*** Block opens ***
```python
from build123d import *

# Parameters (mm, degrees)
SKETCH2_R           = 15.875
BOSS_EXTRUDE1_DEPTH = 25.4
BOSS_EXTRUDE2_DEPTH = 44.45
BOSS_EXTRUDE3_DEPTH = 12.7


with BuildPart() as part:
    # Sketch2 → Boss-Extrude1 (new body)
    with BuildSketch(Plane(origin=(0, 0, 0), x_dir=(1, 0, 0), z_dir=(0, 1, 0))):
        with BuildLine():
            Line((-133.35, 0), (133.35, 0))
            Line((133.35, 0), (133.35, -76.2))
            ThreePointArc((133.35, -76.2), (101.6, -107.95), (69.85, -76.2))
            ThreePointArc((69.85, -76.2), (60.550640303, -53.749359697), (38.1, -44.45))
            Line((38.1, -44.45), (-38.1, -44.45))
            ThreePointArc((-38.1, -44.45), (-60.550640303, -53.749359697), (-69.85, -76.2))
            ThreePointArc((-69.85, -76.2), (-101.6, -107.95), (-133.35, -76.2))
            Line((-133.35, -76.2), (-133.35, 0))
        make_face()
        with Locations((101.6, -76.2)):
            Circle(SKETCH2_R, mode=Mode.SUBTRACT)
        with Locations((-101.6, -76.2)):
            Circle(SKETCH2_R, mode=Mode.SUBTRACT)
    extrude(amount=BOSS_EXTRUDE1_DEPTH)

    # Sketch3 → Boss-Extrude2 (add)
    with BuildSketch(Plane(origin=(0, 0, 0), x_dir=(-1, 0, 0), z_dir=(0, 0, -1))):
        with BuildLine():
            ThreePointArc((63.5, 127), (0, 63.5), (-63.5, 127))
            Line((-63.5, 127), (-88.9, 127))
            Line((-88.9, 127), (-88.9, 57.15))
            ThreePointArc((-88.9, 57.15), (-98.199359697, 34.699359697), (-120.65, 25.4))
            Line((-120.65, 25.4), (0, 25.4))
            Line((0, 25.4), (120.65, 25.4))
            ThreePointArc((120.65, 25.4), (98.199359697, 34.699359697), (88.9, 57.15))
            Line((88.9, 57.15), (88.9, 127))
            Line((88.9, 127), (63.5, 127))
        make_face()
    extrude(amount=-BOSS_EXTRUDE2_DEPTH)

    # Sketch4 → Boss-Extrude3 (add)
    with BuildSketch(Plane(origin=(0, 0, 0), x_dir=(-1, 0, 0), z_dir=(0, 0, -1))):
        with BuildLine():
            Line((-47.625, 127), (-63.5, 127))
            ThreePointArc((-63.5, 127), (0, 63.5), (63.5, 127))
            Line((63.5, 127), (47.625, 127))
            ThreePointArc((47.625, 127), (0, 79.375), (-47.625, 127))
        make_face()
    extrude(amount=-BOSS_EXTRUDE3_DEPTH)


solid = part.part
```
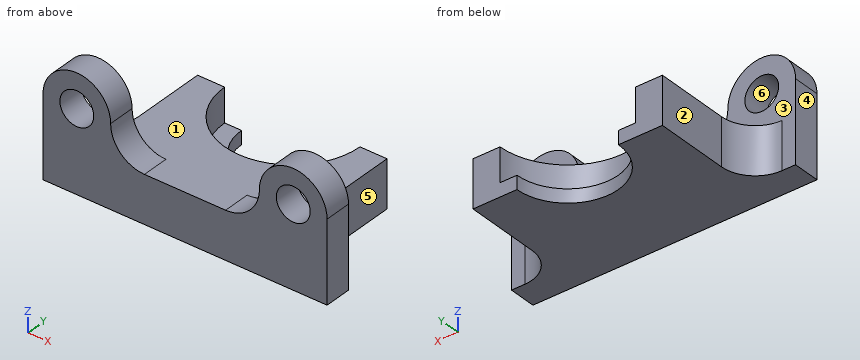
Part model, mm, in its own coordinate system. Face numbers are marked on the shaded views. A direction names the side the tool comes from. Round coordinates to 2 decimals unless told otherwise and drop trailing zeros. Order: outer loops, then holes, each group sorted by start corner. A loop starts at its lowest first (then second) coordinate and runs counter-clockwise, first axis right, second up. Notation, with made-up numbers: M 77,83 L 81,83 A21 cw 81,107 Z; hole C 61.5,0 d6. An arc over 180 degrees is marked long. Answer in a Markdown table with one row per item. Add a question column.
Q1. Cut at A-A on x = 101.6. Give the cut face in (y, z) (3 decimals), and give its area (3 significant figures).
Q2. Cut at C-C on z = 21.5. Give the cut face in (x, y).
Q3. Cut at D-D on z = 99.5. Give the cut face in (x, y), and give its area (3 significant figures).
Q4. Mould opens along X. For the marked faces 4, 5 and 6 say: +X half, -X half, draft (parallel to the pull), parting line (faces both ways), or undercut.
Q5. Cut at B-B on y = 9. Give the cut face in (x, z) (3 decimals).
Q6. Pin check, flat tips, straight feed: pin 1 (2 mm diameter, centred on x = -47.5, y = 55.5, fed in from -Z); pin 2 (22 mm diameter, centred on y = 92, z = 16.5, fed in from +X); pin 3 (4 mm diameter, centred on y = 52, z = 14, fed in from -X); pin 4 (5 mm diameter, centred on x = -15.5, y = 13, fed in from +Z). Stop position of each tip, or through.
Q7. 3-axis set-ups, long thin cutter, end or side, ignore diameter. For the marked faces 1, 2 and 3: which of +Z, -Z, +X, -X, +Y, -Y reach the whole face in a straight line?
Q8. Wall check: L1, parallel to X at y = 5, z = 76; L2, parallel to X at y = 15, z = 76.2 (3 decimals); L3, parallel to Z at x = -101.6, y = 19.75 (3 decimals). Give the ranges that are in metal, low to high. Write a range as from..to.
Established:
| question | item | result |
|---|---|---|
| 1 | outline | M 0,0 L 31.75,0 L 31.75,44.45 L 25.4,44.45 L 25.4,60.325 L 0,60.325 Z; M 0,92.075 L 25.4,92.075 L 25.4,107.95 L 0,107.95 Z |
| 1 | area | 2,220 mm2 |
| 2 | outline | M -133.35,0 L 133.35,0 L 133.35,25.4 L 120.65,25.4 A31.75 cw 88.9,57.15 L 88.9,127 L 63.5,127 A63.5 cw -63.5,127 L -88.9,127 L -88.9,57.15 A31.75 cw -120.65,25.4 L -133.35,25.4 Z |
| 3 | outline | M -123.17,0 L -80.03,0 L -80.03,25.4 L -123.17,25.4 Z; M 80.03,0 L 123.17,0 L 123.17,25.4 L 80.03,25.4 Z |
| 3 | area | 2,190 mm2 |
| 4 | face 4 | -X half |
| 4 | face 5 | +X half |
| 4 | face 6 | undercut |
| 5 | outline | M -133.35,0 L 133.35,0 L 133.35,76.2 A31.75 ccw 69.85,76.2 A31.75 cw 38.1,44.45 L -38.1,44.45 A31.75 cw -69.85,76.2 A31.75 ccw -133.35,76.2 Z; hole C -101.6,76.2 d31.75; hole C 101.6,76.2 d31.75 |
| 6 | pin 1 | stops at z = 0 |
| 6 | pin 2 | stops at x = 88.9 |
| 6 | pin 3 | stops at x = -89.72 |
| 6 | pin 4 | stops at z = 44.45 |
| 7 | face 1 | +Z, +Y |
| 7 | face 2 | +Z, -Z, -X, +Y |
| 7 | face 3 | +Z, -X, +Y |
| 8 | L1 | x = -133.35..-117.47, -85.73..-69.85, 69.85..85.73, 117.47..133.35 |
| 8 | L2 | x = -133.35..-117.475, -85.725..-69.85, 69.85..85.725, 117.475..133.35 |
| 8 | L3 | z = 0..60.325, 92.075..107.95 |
*** Block closes ***
What is needed — Each record is to be written out exactly. No picture goes in.

Response area —
```python
from build123d import *

# Parameters (mm, degrees)
SKETCH2_R           = 15.875
BOSS_EXTRUDE1_DEPTH = 25.4
BOSS_EXTRUDE2_DEPTH = 44.45
BOSS_EXTRUDE3_DEPTH = 12.7


with BuildPart() as part:
    # Sketch2 → Boss-Extrude1 (new body)
    with BuildSketch(Plane(origin=(0, 0, 0), x_dir=(1, 0, 0), z_dir=(0, 1, 0))):
        with BuildLine():
            Line((-133.35, 0), (133.35, 0))
            Line((133.35, 0), (133.35, -76.2))
            ThreePointArc((133.35, -76.2), (101.6, -107.95), (69.85, -76.2))
            ThreePointArc((69.85, -76.2), (60.550640303, -53.749359697), (38.1, -44.45))
            Line((38.1, -44.45), (-38.1, -44.45))
            ThreePointArc((-38.1, -44.45), (-60.550640303, -53.749359697), (-69.85, -76.2))
            ThreePointArc((-69.85, -76.2), (-101.6, -107.95), (-133.35, -76.2))
            Line((-133.35, -76.2), (-133.35, 0))
        make_face()
        with Locations((101.6, -76.2)):
            Circle(SKETCH2_R, mode=Mode.SUBTRACT)
        with Locations((-101.6, -76.2)):
            Circle(SKETCH2_R, mode=Mode.SUBTRACT)
    extrude(amount=BOSS_EXTRUDE1_DEPTH)

    # Sketch3 → Boss-Extrude2 (add)
    with BuildSketch(Plane(origin=(0, 0, 0), x_dir=(-1, 0, 0), z_dir=(0, 0, -1))):
        with BuildLine():
            ThreePointArc((63.5, 127), (0, 63.5), (-63.5, 127))
            Line((-63.5, 127), (-88.9, 127))
            Line((-88.9, 127), (-88.9, 57.15))
            ThreePointArc((-88.9, 57.15), (-98.199359697, 34.699359697), (-120.65, 25.4))
            Line((-120.65, 25.4), (0, 25.4))
            Line((0, 25.4), (120.65, 25.4))
            ThreePointArc((120.65, 25.4), (98.199359697, 34.699359697), (88.9, 57.15))
            Line((88.9, 57.15), (88.9, 127))
            Line((88.9, 127), (63.5, 127))
        make_face()
    extrude(amount=-BOSS_EXTRUDE2_DEPTH)

    # Sketch4 → Boss-Extrude3 (add)
    with BuildSketch(Plane(origin=(0, 0, 0), x_dir=(-1, 0, 0), z_dir=(0, 0, -1))):
        with BuildLine():
            Line((-47.625, 127), (-63.5, 127))
            ThreePointArc((-63.5, 127), (0, 63.5), (63.5, 127))
            Line((63.5, 127), (47.625, 127))
            ThreePointArc((47.625, 127), (0, 79.375), (-47.625, 127))
        make_face()
    extrude(amount=-BOSS_EXTRUDE3_DEPTH)


solid = part.part
```
Part model, mm, in its own coordinate system. Face numbers are marked on the shaded views. A direction names the side the tool comes from. Round coordinates to 2 decimals unless told otherwise and drop trailing zeros. Order: outer loops, then holes, each group sorted by start corner. A loop starts at its lowest first (then second) coordinate and runs counter-clockwise, first axis right, second up. Notation, with made-up numbers: M 77,83 L 81,83 A21 cw 81,107 Z; hole C 61.5,0 d6. An arc over 180 degrees is marked long. Answer in a Markdown table with one row per item. Add a question column.
Q1. Cut at A-A on x = 101.6. Give the cut face in (y, z) (3 decimals), and give its area (3 significant figures).
Q2. Cut at C-C on z = 21.5. Give the cut face in (x, y).
Q3. Cut at D-D on z = 99.5. Give the cut face in (x, y), and give its area (3 significant figures).
Q4. Mould opens along X. For the marked faces 4, 5 and 6 say: +X half, -X half, draft (parallel to the pull), parting line (faces both ways), or undercut.
Q5. Cut at B-B on y = 9. Give the cut face in (x, z) (3 decimals).
Q6. Pin check, flat tips, straight feed: pin 1 (2 mm diameter, centred on x = -47.5, y = 55.5, fed in from -Z); pin 2 (22 mm diameter, centred on y = 92, z = 16.5, fed in from +X); pin 3 (4 mm diameter, centred on y = 52, z = 14, fed in from -X); pin 4 (5 mm diameter, centred on x = -15.5, y = 13, fed in from +Z). Stop position of each tip, or through.
Q7. 3-axis set-ups, long thin cutter, end or side, ignore diameter. For the marked faces 1, 2 and 3: which of +Z, -Z, +X, -X, +Y, -Y reach the whole face in a straight line?
Q8. Wall check: L1, parallel to X at y = 5, z = 76; L2, parallel to X at y = 15, z = 76.2 (3 decimals); L3, parallel to Z at x = -101.6, y = 19.75 (3 decimals). Give the ranges that are in metal, low to high. Write a range as from..to.
Established:
| question | item | result |
|---|---|---|
| 1 | outline | M 0,0 L 31.75,0 L 31.75,44.45 L 25.4,44.45 L 25.4,60.325 L 0,60.325 Z; M 0,92.075 L 25.4,92.075 L 25.4,107.95 L 0,107.95 Z |
| 1 | area | 2,220 mm2 |
| 2 | outline | M -133.35,0 L 133.35,0 L 133.35,25.4 L 120.65,25.4 A31.75 cw 88.9,57.15 L 88.9,127 L 63.5,127 A63.5 cw -63.5,127 L -88.9,127 L -88.9,57.15 A31.75 cw -120.65,25.4 L -133.35,25.4 Z |
| 3 | outline | M -123.17,0 L -80.03,0 L -80.03,25.4 L -123.17,25.4 Z; M 80.03,0 L 123.17,0 L 123.17,25.4 L 80.03,25.4 Z |
| 3 | area | 2,190 mm2 |
| 4 | face 4 | -X half |
| 4 | face 5 | +X half |
| 4 | face 6 | undercut |
| 5 | outline | M -133.35,0 L 133.35,0 L 133.35,76.2 A31.75 ccw 69.85,76.2 A31.75 cw 38.1,44.45 L -38.1,44.45 A31.75 cw -69.85,76.2 A31.75 ccw -133.35,76.2 Z; hole C -101.6,76.2 d31.75; hole C 101.6,76.2 d31.75 |
| 6 | pin 1 | stops at z = 0 |
| 6 | pin 2 | stops at x = 88.9 |
| 6 | pin 3 | stops at x = -89.72 |
| 6 | pin 4 | stops at z = 44.45 |
| 7 | face 1 | +Z, +Y |
| 7 | face 2 | +Z, -Z, -X, +Y |
| 7 | face 3 | +Z, -X, +Y |
| 8 | L1 | x = -133.35..-117.47, -85.73..-69.85, 69.85..85.73, 117.47..133.35 |
| 8 | L2 | x = -133.35..-117.475, -85.725..-69.85, 69.85..85.725, 117.475..133.35 |
| 8 | L3 | z = 0..60.325, 92.075..107.95 |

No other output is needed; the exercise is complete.